Ses yeux brillèrent, son teint s’anima. Elle n’ouvrit pas la bouche ; mais je vis sur son visage qu’elle sympathisait avec moi très-complètement.

— Je ne me dissimule point, continuai-je, et ne veux point vous dissimuler davantage que nous avons devant nous une perspective plus que douteuse. Les risques déjà courus par nous ne sont peut-être que des bagatelles, comparés à ceux qui nous menacent dans l’avenir ; mais malgré tout, Marian, l’aventure sera tentée. Je ne suis pas téméraire à ce point que je me veuille mesurer avec un homme comme le comte, avant de m’être préparé en conséquence. J’ai appris à patienter ; je puis attendre une occasion favorable.

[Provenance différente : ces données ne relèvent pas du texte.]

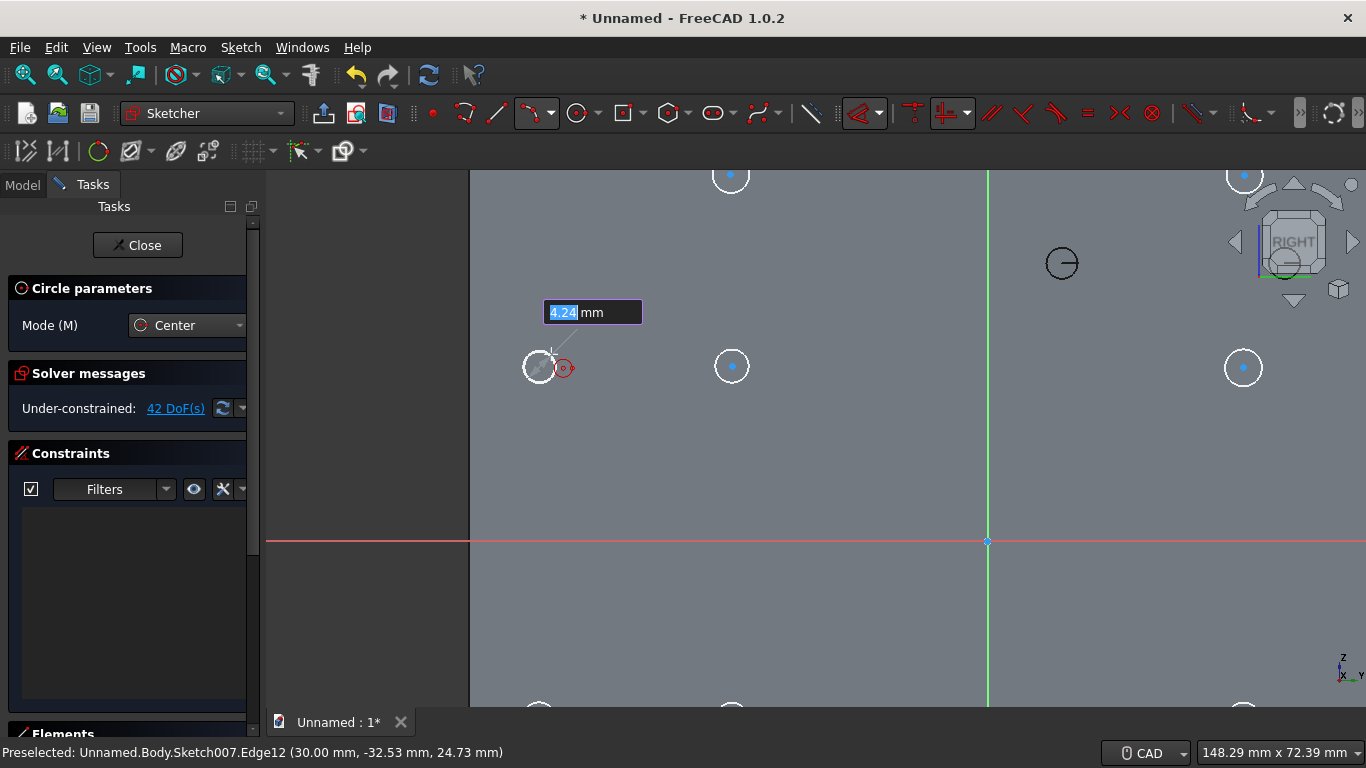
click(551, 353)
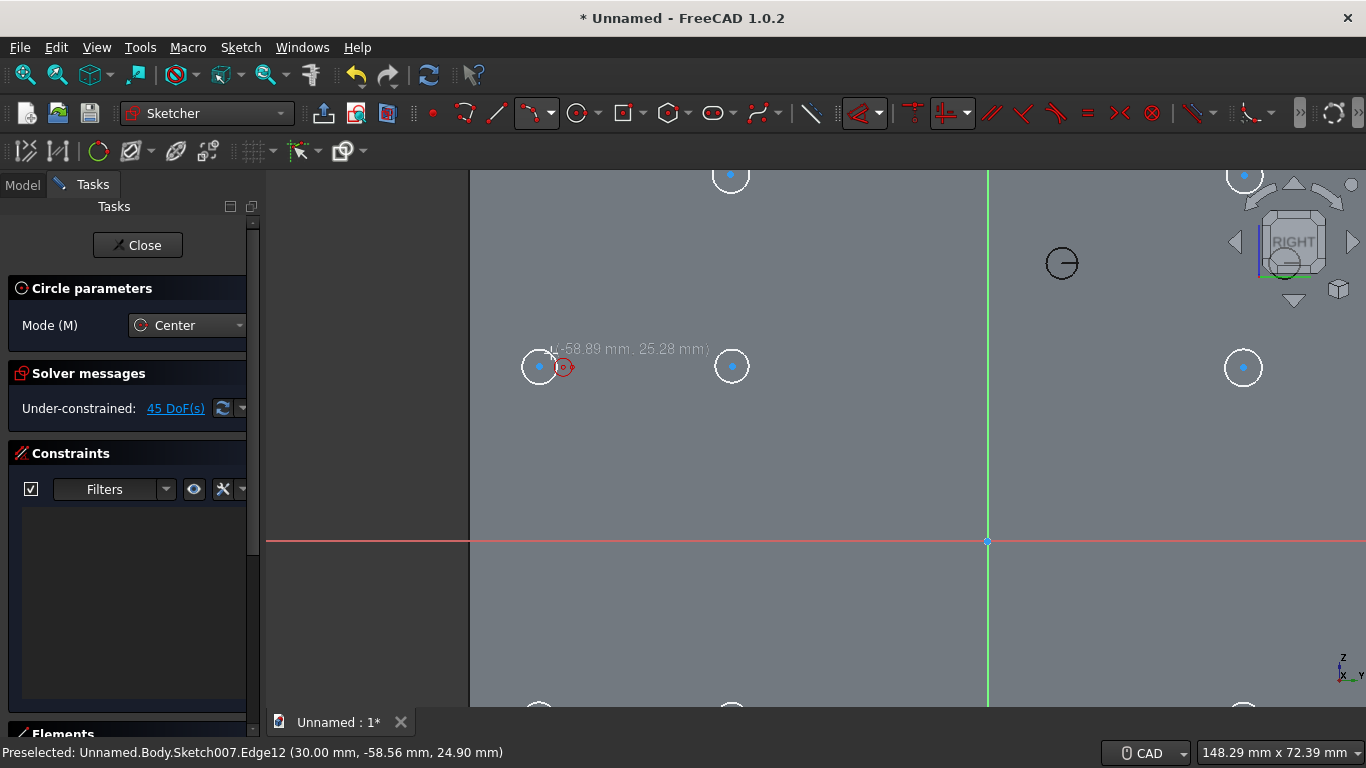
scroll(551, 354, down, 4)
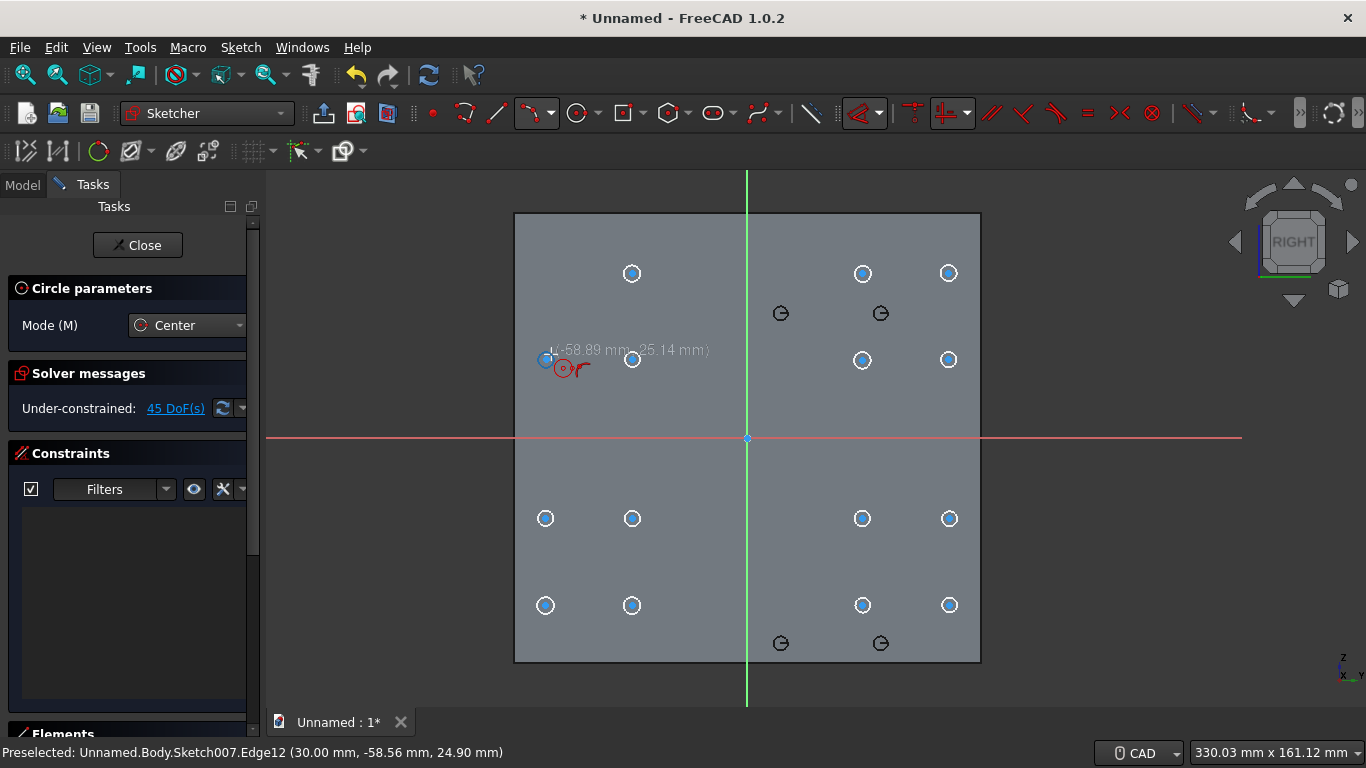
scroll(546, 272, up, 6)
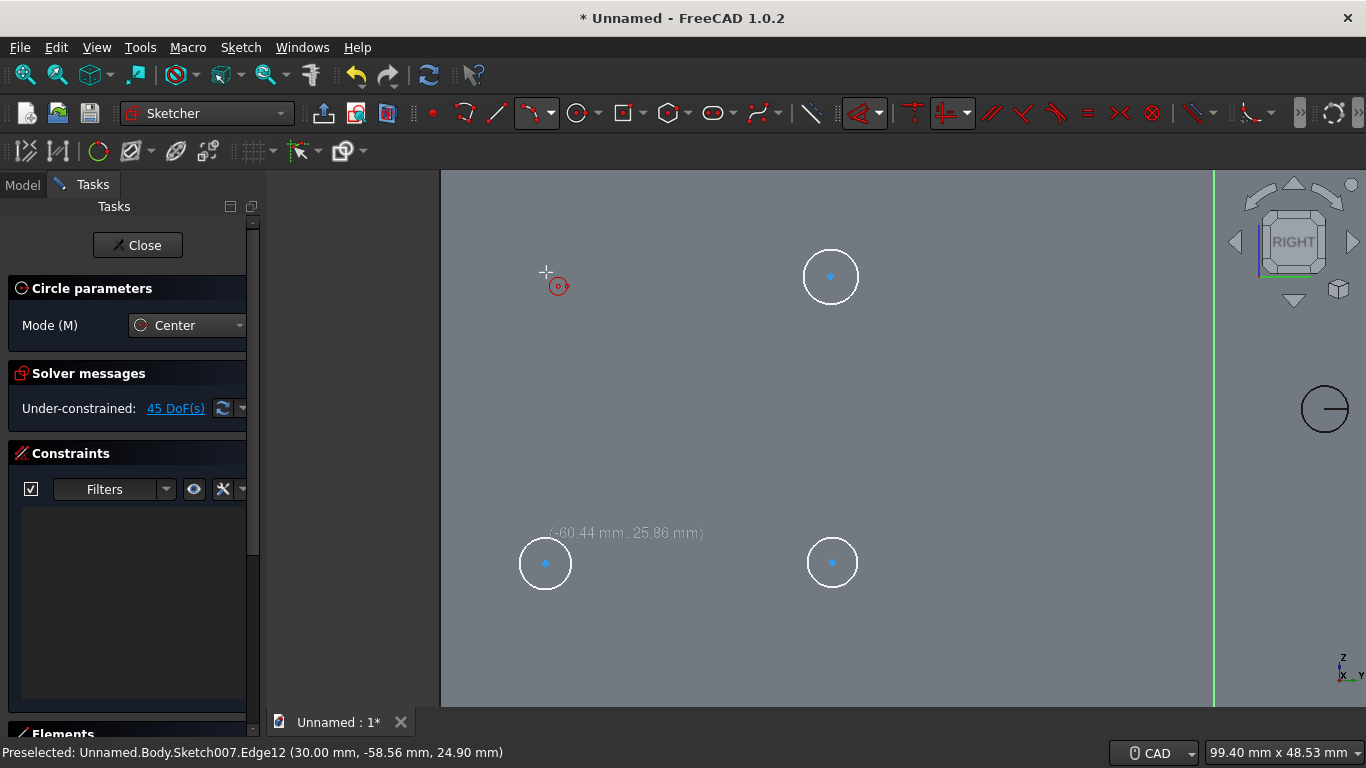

Laissons-lui croire que son message a produit tout l’effet qu’il en attendait ; qu’il ne sache rien de nous, qu’il n’entende plus parler, de nous ; donnons-lui tout le temps de se croire à l’abri ; sa nature fanfaronne et vantarde, — ou je le connaissais bien mal, — hâtera ce résultat. Voilà déjà une raison pour attendre ; mais il en est une autre, encore plus importante. Avant de jouer nos dernières cartes, il faudrait, Marian, que ma position vis-à-vis de vous et vis-à-vis de Laura fût plus forte qu’elle ne l’est maintenant…

Elle s’appuya contre moi, me regardant avec surprise.